First and foremost, my deepest thanks to Donna, just for being Donna. She is my strength, my source, my reason to get up each day.
Next there are the folks here at the station where I do this, leading off with Will McKinnon - cameraman and video editor extraordinaire of song and fable.
Then there is or there are Kris, Yvanna, and Dylan, who keep things moving around here with their youthful energy and can, amazingly, even make the old fart sometimes feel like one of the gang.
And there’s Rich Goulart, Executive Director and the all-around go-to guy here, who was willing to take a chance: When I first approached him about doing a weekly show of political commentary, one I flippantly described as a left-wing Glenn Beck minus the chalkboard and the paranoia, he - I could tell - wasn't too sure that it wouldn't peter out after a few weeks. But he took the chance to let me do it my way and I hope in the time since he's been given enough cause to be happy with his decision.
Finally, I want to thank not a person but a concept: public access television.
You're watching me on TV right now (unless you're watching on YouTube). Yes, it's TV - but it's special. It's public access TV - also called cable access television, community access television, and community television.
Whatever you call it, public access TV involves providing equipment, training, and airtime so members of the general public can produce their own programs and deliver them to the audience of that local cable TV system.
And potentially far beyond: This show is regularly seen, to my knowledge, on four cable systems covering more than a dozen communities with a combined subscriber base likely in excess of 250,000. So potentially, hypothetically, this show could be seen in 250,000 households. Just me, just an ordinary schlub - how did Eric Burden describe himself in that song? "An overfed, long-haired, leaping gnome." And there could potentially be thousands of people hearing what I have to say.

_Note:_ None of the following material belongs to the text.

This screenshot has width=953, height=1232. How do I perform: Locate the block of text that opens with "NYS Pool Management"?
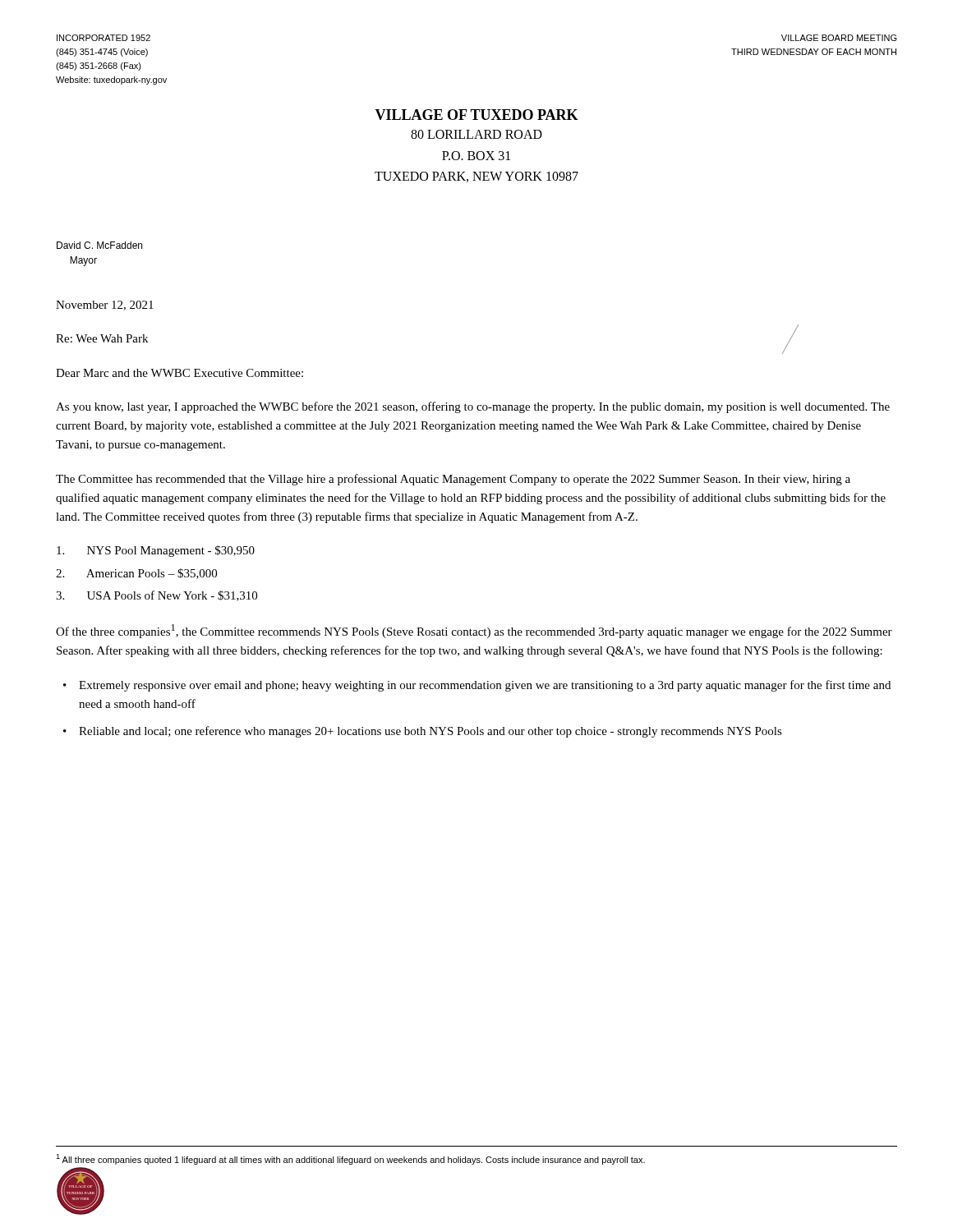pos(155,551)
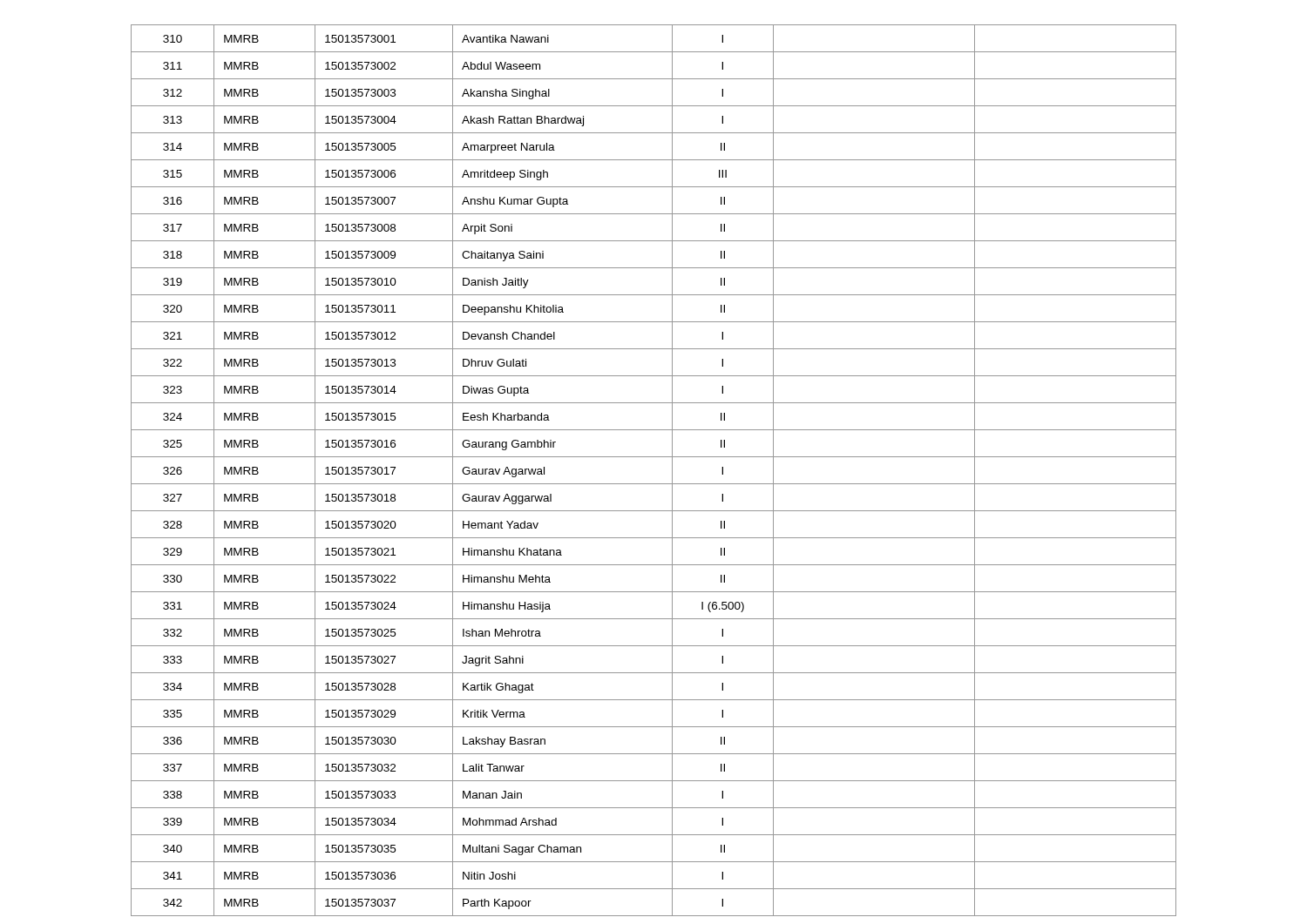Locate the table with the text "Kritik Verma"
This screenshot has width=1307, height=924.
coord(654,470)

It's public access TV which makes that possible.
From its roots in the late '60s and despite initial intense opposition form the cable industry, public access TV has become firmly established. It's now estimated that over 1500 cities, town, and regions across the country have public access channels available and those 1500 areas are managing something like 5000 channels.
You're watching one of those channels now. This is public access TV. Public access TV. That means it's for you. It's for us. It's for all of us. Take advantage of it. It doesn't have to be political. It could be about a hobby, about an interest, whatever. It doesn't have to be a series, it could be a one-off: Maybe you have a story you want to tell about some place or some person or some historical event. Take advantage of public access TV. Go to your local cable access station and talk to them - I bet they'll be glad to help.
Public access television. I took advantage of it. You should, too.
Let me finish up by thanking those of you who watch the show and those of you who have commented on it. Thank you for taking the time and I look forward to more comments and, I hope, to make a show worth watching. Let me know how I do.
*The possibility of social fracture from lack of a shared worldview is an issue that appears to be arising in the US. It may be that fault line has always been there but just has been successfully papered over until recently - which means it could be again - or it could mean that in terms of worldview, we really are becoming two different societies trying to share a common geography with all the risks of intensifying conflict that entails.